Return each line of the records holding the string "SSAB".

Items from a dataset
____________________

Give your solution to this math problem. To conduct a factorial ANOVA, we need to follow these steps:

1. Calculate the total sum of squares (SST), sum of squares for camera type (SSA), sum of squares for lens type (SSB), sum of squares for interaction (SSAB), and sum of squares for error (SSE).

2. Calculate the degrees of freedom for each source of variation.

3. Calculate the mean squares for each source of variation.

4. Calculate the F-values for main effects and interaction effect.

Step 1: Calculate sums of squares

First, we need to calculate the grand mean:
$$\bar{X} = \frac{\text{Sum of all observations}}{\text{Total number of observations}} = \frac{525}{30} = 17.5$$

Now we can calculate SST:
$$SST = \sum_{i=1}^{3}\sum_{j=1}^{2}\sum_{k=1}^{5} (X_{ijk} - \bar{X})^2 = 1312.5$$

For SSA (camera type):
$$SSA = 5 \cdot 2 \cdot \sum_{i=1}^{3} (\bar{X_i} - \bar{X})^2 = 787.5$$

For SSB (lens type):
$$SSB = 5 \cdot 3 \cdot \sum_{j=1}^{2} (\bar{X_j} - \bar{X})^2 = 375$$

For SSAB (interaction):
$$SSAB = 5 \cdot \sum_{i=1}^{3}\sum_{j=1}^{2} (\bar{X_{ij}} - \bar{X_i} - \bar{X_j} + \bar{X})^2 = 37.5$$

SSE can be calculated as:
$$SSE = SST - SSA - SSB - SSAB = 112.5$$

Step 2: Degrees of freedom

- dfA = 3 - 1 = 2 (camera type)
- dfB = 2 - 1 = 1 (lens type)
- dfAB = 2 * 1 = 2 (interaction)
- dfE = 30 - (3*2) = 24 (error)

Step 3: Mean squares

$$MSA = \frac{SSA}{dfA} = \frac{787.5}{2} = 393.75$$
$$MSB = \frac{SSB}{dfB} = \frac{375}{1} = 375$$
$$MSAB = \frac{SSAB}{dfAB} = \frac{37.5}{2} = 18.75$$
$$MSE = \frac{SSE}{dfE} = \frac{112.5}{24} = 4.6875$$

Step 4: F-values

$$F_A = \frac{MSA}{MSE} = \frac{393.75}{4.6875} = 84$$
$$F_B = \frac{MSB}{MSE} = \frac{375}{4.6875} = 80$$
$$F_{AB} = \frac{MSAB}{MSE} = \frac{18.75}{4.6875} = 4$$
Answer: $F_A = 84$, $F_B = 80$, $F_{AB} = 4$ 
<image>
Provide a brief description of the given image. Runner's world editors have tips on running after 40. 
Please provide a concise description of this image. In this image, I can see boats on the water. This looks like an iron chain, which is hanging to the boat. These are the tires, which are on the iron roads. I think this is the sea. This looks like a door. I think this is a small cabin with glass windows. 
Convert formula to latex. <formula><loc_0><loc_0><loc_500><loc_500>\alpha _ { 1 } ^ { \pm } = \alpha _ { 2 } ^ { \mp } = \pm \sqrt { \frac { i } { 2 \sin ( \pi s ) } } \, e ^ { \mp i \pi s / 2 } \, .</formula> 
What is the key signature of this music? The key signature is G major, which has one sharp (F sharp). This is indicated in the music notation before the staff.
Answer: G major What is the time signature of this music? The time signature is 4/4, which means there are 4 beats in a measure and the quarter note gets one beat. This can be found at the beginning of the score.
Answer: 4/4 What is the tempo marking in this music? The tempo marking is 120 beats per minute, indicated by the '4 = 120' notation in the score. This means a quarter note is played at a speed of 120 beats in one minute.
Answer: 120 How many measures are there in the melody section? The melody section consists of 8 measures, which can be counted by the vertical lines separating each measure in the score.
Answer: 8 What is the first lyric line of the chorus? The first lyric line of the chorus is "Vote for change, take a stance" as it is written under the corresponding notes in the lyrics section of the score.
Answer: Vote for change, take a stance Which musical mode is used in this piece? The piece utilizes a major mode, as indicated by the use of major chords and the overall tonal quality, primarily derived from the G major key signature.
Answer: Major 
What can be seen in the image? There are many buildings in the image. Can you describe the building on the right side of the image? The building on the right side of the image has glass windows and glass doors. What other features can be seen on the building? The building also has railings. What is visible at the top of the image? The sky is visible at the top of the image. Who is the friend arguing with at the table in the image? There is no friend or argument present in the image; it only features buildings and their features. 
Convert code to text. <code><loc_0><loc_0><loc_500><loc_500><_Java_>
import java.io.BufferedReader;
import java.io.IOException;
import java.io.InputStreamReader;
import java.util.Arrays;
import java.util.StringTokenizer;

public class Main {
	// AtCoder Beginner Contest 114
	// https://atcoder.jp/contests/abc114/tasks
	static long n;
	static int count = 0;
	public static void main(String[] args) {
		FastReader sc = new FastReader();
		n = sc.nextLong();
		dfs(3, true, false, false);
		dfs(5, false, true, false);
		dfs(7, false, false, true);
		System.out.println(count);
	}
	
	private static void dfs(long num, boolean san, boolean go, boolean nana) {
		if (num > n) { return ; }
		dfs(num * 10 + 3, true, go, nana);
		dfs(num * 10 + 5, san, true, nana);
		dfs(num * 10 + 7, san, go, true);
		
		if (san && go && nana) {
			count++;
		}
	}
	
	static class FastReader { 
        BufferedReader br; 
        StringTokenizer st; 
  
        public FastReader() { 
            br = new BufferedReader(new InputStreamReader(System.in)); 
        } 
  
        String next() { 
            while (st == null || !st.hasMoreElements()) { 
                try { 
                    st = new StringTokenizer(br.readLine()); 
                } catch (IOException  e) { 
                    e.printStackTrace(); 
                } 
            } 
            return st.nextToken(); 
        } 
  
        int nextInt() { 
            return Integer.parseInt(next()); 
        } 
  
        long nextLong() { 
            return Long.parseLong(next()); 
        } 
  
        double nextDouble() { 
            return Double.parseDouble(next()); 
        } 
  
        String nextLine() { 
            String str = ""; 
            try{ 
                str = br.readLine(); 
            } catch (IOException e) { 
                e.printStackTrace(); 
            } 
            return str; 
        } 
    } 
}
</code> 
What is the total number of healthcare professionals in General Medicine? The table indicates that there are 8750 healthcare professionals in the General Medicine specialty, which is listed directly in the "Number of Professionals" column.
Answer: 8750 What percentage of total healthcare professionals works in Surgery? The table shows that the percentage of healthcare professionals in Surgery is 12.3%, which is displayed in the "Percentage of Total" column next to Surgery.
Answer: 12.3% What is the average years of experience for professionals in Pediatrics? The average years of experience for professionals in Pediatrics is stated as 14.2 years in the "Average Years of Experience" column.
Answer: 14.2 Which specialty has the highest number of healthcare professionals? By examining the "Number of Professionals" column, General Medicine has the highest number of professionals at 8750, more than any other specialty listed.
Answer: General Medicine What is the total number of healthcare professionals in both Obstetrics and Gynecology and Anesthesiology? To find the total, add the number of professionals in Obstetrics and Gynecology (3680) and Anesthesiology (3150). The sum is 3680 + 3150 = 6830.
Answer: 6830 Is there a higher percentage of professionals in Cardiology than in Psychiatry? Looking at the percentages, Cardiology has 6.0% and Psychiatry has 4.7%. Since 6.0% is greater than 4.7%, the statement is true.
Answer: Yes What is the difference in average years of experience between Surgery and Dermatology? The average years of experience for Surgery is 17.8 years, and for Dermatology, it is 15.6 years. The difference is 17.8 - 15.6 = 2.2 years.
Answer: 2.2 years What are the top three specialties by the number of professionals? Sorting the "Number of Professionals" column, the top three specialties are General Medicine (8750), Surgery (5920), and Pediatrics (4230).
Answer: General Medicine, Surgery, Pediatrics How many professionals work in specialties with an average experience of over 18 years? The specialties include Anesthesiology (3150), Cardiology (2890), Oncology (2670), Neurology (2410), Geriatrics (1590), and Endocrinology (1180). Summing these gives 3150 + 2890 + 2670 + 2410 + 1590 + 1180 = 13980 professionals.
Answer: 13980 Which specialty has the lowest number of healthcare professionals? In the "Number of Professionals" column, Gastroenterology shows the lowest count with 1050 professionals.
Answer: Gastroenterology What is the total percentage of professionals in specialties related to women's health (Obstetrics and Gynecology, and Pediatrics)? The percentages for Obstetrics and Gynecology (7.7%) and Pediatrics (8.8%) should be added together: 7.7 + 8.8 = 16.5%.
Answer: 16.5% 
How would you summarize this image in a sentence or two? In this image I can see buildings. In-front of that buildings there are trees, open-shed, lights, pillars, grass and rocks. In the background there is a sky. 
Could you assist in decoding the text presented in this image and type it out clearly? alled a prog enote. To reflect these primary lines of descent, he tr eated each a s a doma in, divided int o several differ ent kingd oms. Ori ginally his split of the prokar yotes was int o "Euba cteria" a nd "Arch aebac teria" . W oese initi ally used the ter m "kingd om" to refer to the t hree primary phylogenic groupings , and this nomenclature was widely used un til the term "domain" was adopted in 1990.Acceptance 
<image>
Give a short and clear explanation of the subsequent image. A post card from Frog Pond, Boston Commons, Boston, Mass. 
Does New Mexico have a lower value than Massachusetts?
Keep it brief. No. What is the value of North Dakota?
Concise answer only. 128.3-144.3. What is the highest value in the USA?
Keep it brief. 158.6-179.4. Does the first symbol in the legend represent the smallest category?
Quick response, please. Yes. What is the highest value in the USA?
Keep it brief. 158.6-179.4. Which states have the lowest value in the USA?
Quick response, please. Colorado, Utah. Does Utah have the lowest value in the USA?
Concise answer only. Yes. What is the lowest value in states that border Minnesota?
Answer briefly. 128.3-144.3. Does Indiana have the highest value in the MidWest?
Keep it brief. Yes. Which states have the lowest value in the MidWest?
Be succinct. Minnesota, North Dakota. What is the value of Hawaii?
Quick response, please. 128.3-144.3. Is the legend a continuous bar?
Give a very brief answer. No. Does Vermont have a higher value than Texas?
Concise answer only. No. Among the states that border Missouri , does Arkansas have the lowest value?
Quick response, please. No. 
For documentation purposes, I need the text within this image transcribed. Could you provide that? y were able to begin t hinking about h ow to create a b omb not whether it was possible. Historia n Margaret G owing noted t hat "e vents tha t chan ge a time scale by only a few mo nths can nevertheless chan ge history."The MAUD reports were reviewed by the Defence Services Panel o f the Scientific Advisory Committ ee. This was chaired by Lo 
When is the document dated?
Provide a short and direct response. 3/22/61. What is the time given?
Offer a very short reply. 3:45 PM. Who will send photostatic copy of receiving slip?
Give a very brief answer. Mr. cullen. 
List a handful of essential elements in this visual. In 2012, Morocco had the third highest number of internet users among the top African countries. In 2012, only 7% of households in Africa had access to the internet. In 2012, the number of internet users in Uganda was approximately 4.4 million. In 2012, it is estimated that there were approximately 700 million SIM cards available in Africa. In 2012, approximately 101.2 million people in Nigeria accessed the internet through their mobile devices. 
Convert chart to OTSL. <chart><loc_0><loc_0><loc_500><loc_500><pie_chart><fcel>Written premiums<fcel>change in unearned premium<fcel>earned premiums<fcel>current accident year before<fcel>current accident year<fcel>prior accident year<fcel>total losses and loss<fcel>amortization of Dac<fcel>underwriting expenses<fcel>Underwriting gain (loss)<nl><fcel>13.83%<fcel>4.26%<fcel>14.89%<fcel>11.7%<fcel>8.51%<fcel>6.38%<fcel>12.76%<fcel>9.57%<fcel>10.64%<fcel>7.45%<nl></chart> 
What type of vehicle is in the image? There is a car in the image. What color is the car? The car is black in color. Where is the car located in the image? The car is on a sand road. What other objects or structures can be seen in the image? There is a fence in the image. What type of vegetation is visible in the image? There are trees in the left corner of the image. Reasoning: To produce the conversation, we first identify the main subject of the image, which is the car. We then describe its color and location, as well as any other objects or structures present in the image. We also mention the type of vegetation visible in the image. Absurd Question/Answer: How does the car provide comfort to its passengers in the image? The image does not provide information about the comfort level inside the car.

____________________

COMPLETED TASK ->
1. Calculate the total sum of squares (SST), sum of squares for camera type (SSA), sum of squares for lens type (SSB), sum of squares for interaction (SSAB), and sum of squares for error (SSE).
For SSAB (interaction):
$$SSAB = 5 \cdot \sum_{i=1}^{3}\sum_{j=1}^{2} (\bar{X_{ij}} - \bar{X_i} - \bar{X_j} + \bar{X})^2 = 37.5$$
$$SSE = SST - SSA - SSB - SSAB = 112.5$$
$$MSAB = \frac{SSAB}{dfAB} = \frac{37.5}{2} = 18.75$$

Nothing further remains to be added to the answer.